Designers should also pay attention to the impact of the system’s enclosure on acoustic performance. The positioning of the microphones has a significant effect on the ability of the device to cancel out bouncing signals and reverberation, identify direction of arrival of the voice signal and capture the loudest possible signal.
The number of microphones in the array and the use of automatic gain control also affect performance. “More microphones are needed for better sound processing,” says Mozer. “Also, the microphone should allow for real automatic gain control, either with hardware amplification or with 24–32 bits of information that allow shifting up or down for the 16-bit window that represents the target audio.”
Beamforming also plays an important role in this class of application. Smart microphones based on beamformers enable arrays to identify real human voice sources (as opposed to voices on the TV) within a noisy soundscape at a distance of several meters. There are, however, types of smart microphones based on different mathematical algorithms that can deliver similar results.
Given the scale of the geography within which far-field arrays must perform, smart microphones in these applications must be able to function well in all kinds of conditions. “The ability of the system to adapt to different environments and climatic conditions is important,” says Geddes. “Devices often work differently in winter vs. summer conditions, or even in the same location at different times of the day. A device optimized to handle reverberation well might work efficiently in an office environment, but much less effectively in a room with many soft furnishings as the voice signal is not strong enough. So the solution must be flexible and able to be re-tuned, maybe using some type of AI.”
Looking at the Big Picture
It’s important to remember that smart microphones do not operate as discrete systems. Optimal design or selection of smart microphones cannot solely rest on the
issues outlined. A more holistic view of the increasingly complex and interconnected components and subsystems making up voice interfaces must also be considered.

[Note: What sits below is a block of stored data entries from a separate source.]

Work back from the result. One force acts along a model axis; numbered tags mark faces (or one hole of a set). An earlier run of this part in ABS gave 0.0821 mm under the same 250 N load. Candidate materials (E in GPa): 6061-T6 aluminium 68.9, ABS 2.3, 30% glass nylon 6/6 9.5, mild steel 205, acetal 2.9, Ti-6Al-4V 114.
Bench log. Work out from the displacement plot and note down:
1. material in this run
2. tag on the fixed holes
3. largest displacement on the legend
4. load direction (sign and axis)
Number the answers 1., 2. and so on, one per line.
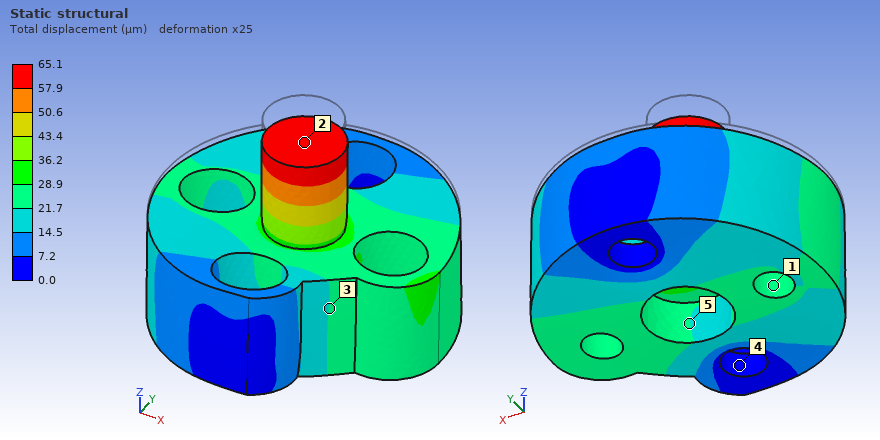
1. acetal
2. 4
3. 65.1 µm
4. -Z
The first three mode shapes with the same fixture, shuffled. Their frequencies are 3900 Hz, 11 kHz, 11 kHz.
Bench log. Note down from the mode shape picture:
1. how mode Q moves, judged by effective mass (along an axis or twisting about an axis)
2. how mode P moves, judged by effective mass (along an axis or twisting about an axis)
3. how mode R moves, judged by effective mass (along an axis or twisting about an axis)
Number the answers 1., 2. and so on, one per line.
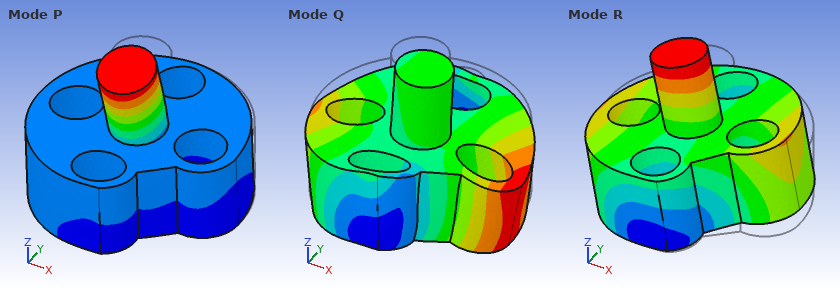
1. along Z
2. along Y
3. along X
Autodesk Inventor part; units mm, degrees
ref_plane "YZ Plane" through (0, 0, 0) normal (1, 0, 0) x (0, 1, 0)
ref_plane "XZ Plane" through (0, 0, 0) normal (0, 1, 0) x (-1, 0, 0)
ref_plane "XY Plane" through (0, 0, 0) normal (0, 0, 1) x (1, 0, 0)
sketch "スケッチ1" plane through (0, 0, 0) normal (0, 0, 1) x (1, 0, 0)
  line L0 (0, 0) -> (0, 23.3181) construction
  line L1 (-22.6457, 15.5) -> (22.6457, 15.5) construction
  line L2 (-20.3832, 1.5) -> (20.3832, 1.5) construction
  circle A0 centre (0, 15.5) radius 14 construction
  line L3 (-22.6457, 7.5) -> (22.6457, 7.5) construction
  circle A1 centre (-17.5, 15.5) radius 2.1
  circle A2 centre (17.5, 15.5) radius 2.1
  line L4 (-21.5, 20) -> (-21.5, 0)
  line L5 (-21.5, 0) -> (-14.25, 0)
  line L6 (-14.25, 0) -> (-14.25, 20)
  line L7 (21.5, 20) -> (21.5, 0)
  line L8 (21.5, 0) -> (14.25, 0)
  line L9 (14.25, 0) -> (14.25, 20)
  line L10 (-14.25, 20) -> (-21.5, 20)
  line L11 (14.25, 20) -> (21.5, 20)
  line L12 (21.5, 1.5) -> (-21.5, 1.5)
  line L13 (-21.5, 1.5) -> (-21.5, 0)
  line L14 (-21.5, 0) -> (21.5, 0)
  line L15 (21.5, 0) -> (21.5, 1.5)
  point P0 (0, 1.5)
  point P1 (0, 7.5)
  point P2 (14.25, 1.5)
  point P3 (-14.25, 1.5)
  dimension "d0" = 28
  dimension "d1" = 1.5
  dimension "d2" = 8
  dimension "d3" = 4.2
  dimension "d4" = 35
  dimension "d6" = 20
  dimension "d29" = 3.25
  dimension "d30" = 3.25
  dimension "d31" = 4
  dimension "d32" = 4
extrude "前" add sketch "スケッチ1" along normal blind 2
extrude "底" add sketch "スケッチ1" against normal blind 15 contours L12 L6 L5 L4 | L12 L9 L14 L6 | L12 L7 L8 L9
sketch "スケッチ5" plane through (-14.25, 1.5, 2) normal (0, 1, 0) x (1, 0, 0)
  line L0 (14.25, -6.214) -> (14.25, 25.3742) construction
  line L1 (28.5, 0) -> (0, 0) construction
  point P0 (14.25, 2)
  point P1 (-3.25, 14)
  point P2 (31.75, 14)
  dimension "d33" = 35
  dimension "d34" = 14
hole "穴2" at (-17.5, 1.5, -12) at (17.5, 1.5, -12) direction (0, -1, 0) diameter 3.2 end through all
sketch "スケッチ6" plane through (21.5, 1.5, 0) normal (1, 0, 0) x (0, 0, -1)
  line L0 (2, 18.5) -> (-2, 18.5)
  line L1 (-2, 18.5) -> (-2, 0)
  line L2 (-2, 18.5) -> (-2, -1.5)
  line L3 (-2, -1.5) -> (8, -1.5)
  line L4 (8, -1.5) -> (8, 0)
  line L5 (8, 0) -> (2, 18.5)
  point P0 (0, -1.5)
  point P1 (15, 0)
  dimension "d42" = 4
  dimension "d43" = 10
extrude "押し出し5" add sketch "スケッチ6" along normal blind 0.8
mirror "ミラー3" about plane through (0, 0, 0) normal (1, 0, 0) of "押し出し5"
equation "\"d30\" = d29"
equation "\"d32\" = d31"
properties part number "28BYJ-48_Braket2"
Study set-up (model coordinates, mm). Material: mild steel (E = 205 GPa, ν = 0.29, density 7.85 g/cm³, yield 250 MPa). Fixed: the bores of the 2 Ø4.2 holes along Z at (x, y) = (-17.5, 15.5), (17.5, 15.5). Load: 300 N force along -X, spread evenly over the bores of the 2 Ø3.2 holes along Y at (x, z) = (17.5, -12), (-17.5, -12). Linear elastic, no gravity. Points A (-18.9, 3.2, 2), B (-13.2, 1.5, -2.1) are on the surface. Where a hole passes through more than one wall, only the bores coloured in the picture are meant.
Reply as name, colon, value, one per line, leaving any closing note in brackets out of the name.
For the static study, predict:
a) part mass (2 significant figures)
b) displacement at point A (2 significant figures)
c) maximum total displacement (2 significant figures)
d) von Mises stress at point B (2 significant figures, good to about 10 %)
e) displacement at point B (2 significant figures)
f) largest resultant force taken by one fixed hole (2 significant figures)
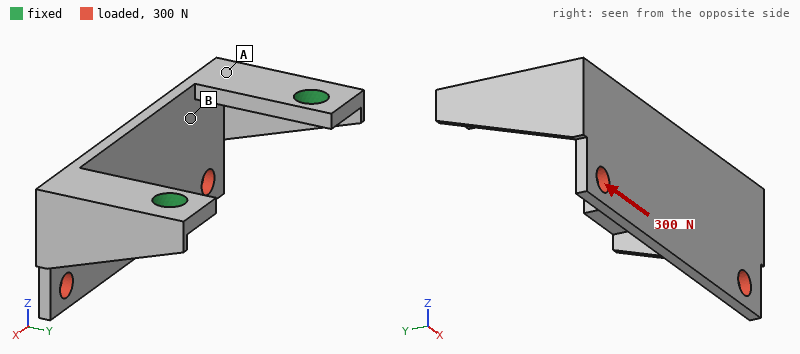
part mass: 14 g
displacement at point A: 22 µm
maximum total displacement: 54 µm
von Mises stress at point B: 48 MPa
displacement at point B: 24 µm
largest resultant force taken by one fixed hole: 180 N
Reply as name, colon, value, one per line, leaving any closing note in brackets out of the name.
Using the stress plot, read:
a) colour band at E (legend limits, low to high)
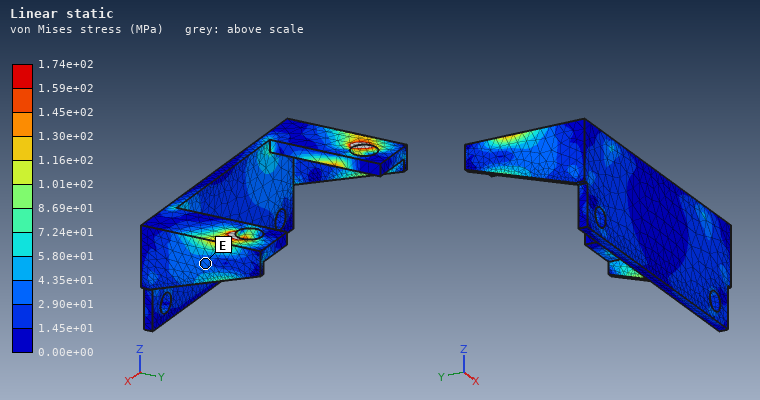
colour band at E: 2.90e+01 to 4.35e+01 MPa
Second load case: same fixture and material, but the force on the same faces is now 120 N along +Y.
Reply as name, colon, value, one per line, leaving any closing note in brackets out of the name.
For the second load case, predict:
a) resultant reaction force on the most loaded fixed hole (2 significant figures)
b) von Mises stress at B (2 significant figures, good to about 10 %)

resultant reaction force on the most loaded fixed hole: 66 N
von Mises stress at B: 38 MPa
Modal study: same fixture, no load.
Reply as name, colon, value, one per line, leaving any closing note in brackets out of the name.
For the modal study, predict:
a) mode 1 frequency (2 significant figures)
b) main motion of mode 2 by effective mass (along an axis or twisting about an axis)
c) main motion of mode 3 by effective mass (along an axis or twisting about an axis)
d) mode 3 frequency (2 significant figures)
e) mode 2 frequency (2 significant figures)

mode 1 frequency: 2800 Hz
main motion of mode 2 by effective mass: along X
main motion of mode 3 by effective mass: along Z
mode 3 frequency: 5100 Hz
mode 2 frequency: 4700 Hz
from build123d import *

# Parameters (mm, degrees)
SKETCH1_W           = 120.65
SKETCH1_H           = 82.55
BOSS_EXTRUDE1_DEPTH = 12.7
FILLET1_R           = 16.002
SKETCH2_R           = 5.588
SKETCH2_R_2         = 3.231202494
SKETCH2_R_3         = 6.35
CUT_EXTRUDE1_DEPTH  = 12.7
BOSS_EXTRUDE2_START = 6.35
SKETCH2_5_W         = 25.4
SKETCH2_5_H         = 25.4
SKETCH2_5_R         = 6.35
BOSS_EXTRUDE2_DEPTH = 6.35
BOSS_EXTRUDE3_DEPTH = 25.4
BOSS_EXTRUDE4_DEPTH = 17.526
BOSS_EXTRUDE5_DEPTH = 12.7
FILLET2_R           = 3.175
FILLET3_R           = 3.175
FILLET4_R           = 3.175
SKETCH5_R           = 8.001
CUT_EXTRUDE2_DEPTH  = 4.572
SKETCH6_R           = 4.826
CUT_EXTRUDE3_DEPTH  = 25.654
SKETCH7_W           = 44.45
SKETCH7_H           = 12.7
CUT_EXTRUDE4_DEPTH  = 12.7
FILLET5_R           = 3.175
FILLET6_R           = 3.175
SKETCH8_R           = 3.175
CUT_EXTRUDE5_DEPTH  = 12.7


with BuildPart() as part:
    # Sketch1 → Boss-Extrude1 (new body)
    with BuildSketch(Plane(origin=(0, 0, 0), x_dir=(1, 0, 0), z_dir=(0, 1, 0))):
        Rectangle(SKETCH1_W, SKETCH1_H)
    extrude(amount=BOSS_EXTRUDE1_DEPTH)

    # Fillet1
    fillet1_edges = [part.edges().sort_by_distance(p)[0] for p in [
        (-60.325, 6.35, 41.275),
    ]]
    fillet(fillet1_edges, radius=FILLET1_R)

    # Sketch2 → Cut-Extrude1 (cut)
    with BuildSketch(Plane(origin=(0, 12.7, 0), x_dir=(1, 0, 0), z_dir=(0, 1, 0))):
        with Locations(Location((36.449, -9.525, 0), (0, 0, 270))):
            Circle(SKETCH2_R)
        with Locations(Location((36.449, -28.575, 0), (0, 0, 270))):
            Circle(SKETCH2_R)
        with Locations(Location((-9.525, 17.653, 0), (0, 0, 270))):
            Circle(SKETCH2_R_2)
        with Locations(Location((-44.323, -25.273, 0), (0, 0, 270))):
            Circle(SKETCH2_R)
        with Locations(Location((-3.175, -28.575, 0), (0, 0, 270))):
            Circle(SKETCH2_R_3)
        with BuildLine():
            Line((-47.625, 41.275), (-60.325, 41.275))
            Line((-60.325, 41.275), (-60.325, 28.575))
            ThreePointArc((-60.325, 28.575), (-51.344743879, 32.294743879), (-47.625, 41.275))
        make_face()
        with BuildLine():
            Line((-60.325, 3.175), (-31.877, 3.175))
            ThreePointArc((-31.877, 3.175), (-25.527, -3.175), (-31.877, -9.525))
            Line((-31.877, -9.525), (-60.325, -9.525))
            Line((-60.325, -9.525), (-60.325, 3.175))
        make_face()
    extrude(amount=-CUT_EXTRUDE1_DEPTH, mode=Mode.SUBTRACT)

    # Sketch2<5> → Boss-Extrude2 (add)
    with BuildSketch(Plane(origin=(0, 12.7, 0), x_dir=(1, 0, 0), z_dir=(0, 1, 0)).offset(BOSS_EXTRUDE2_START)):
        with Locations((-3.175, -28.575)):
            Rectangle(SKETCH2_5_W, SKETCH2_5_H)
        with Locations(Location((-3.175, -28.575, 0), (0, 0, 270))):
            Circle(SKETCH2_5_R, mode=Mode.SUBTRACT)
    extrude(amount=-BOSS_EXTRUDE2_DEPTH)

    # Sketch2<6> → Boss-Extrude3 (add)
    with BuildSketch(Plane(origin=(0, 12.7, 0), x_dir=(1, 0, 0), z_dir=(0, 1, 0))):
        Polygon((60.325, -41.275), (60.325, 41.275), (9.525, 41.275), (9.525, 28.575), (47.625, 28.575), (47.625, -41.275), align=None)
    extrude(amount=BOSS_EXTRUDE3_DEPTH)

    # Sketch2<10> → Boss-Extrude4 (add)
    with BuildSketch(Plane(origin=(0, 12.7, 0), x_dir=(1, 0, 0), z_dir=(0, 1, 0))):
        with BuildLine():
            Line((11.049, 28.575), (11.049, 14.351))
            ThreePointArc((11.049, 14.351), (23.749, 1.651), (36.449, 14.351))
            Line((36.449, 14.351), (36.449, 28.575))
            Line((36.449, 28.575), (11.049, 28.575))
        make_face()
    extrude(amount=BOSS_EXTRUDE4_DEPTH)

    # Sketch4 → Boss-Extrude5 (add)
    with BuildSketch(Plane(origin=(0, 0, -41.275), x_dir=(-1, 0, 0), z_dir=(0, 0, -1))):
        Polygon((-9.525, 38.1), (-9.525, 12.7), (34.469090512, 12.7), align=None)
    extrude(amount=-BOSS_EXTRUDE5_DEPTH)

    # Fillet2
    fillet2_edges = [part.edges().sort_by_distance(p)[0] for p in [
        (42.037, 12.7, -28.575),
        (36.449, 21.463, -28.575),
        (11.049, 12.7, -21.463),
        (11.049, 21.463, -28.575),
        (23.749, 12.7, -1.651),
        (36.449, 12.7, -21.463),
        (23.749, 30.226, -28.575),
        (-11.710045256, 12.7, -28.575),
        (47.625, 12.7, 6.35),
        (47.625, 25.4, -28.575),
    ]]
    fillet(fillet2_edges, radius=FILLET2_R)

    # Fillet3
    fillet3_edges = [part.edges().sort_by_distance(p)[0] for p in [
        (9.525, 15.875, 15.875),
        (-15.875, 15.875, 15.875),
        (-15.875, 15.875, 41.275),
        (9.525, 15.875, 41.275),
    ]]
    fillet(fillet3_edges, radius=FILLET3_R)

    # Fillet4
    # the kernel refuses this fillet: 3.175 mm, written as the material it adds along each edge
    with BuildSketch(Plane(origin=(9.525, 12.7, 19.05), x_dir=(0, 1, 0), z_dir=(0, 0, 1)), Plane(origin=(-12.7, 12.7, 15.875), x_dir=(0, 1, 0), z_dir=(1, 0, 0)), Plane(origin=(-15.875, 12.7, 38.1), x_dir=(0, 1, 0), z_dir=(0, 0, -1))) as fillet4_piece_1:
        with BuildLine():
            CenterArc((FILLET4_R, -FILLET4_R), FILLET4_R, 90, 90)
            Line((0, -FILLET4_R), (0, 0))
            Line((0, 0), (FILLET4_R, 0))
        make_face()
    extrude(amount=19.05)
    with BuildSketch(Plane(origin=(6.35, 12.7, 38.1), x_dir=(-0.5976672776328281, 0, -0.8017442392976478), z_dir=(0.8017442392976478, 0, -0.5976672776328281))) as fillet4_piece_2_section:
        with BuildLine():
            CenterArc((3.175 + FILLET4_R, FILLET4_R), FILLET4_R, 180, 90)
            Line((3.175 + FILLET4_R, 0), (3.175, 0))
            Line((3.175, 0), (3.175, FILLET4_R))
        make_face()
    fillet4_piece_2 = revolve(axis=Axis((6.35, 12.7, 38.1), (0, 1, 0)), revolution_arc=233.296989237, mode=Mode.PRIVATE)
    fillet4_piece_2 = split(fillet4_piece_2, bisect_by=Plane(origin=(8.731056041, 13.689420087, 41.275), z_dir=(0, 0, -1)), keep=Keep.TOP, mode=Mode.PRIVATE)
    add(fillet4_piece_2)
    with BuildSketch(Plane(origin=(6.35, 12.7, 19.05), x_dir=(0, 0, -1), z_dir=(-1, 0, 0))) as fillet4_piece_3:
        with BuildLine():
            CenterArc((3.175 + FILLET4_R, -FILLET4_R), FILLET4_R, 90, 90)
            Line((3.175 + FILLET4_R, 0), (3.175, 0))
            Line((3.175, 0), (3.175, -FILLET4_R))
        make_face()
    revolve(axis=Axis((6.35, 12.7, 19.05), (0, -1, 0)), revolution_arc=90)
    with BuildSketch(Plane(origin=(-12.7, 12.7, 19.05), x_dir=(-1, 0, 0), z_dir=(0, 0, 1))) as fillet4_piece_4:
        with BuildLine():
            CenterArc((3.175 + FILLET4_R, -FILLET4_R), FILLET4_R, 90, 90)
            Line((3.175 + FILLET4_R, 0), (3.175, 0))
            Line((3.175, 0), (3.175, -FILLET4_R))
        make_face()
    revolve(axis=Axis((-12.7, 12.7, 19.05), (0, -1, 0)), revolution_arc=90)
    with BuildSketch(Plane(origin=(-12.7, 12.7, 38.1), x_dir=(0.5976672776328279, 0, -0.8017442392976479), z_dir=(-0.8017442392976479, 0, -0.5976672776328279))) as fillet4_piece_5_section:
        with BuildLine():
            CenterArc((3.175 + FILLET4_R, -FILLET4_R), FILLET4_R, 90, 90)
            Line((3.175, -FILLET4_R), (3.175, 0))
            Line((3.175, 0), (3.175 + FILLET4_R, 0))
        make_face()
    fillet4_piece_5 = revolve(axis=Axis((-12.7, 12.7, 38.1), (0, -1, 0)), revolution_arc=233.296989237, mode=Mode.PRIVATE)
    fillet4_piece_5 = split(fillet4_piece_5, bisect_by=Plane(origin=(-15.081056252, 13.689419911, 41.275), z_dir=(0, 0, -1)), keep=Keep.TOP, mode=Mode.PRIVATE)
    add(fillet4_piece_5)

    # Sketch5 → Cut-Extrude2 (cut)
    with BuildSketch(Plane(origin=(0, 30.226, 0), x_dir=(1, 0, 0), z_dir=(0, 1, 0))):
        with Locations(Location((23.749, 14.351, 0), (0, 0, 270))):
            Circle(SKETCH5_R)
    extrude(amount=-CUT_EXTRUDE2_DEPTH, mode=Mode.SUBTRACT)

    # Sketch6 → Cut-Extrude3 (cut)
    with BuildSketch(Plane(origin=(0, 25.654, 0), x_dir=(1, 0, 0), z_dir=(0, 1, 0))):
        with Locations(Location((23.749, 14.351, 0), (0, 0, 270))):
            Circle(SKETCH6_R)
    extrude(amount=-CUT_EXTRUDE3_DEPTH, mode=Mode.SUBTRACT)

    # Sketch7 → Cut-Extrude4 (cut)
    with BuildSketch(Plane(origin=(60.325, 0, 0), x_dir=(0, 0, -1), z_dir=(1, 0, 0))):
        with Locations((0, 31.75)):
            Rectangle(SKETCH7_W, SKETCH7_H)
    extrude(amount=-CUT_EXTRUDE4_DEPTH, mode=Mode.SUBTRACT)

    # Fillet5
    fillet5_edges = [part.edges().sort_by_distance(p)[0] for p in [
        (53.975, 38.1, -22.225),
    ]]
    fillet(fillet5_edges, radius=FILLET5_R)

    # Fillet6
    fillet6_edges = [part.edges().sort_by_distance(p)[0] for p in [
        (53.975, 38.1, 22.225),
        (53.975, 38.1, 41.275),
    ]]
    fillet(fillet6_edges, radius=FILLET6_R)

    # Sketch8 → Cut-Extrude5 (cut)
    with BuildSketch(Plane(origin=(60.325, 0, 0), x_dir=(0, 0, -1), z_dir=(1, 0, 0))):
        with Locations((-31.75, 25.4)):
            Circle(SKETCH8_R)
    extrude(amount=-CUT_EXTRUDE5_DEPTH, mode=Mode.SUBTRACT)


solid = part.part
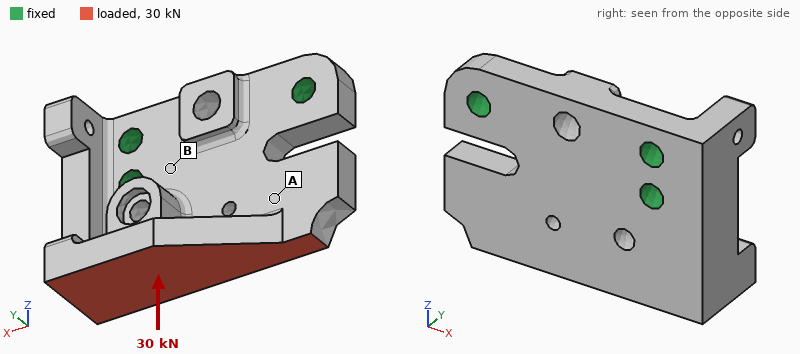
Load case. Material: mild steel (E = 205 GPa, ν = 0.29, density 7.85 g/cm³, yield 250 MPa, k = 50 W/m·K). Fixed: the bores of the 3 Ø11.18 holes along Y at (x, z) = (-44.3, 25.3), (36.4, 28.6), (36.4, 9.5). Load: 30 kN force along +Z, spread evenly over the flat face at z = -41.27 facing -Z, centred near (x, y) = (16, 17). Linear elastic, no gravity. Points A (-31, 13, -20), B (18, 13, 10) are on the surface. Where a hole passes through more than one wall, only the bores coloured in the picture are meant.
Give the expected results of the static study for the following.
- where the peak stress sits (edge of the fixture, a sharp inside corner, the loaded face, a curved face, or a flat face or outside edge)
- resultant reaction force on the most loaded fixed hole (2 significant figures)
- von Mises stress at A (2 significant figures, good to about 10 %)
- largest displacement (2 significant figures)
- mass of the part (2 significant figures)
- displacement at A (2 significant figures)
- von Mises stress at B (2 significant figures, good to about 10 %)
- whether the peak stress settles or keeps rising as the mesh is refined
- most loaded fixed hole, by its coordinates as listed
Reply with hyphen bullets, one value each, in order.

- edge of the fixture
- 16 kN
- 35 MPa
- 0.10 mm
- 1.3 kg
- 0.049 mm
- 74 MPa
- keeps rising
- (36.4, 9.5)
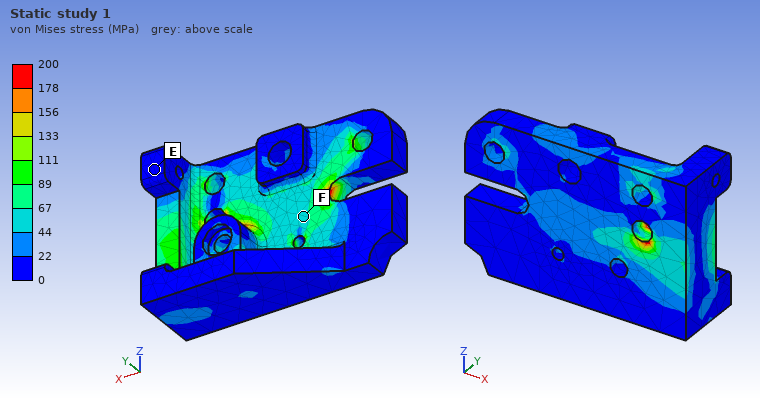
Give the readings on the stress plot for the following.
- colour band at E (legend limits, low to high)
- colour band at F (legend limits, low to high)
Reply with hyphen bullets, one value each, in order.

- 0 to 22 MPa
- 44 to 67 MPa
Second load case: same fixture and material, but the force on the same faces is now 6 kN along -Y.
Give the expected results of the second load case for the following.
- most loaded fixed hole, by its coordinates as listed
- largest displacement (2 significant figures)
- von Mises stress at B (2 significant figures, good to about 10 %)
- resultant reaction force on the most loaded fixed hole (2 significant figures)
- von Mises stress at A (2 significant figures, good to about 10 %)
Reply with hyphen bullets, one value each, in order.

- (36.4, 9.5)
- 0.11 mm
- 55 MPa
- 11 kN
- 13 MPa
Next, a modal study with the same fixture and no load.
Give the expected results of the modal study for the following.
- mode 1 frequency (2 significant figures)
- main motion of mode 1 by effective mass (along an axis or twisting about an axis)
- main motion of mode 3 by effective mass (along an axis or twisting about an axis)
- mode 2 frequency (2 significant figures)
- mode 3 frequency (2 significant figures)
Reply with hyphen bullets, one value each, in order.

- 2000 Hz
- along Y
- along X
- 3400 Hz
- 5200 Hz
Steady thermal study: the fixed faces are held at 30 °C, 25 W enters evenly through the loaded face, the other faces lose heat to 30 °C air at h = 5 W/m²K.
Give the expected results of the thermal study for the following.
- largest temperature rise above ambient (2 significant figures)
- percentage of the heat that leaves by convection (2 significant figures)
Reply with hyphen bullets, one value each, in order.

- 21 K
- 5.5 %
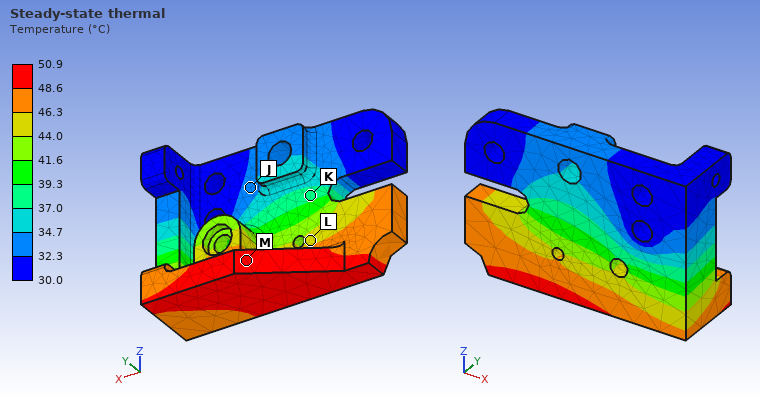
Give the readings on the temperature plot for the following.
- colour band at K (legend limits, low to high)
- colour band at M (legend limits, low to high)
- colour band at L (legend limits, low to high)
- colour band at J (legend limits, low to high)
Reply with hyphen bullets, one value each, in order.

This broader view requires designers to consider other factors. Speech and language applications can vary in many aspects, some of which are listed below.
- Does the application run on the device or does the cloud come into play? Is it a hybrid, leveraging onboard and server-based speech and language technology?
- Is the interface an embedded unit or a larger one? Is it battery operated or does it have a constant power supply? Can parts of the speech processing be done on dedicated hardware, such as a DSP or neural network hardware acceleration unit?
- What part of the world does a speech recognition service cover? Is it limited to a dedicated domain, such as transcribing radiology reports, or is it a voice assistant with large coverage? Is it available in a single language or in multiple languages?
- Is the interface a command-and-control system, with a small set of distinct commands (e.g., a set of commands for warehousing that can be understood robustly even in adverse acoustic conditions), or is it a natural language application like a virtual assistant that needs to deal with flexible, natural language?
Balancing these elements to meet design requirements means making the inevitable tradeoffs. “If the device will be used in noisy environments, microphone arrays can deliver multichannel audio that can be used for beamforming to home in on the speaker’s voice,” says Holger Quast, senior principal product manager, Nuance Communications. “If this is used in an always-on recognition mode like with a wake-up word application, power consumption may be an issue if it’s a small battery-operated device, so possibly DSP hardware solutions may help. If other modalities like a visual channel (camera) are available, that information may also be used to locate the user and set the beamformer.”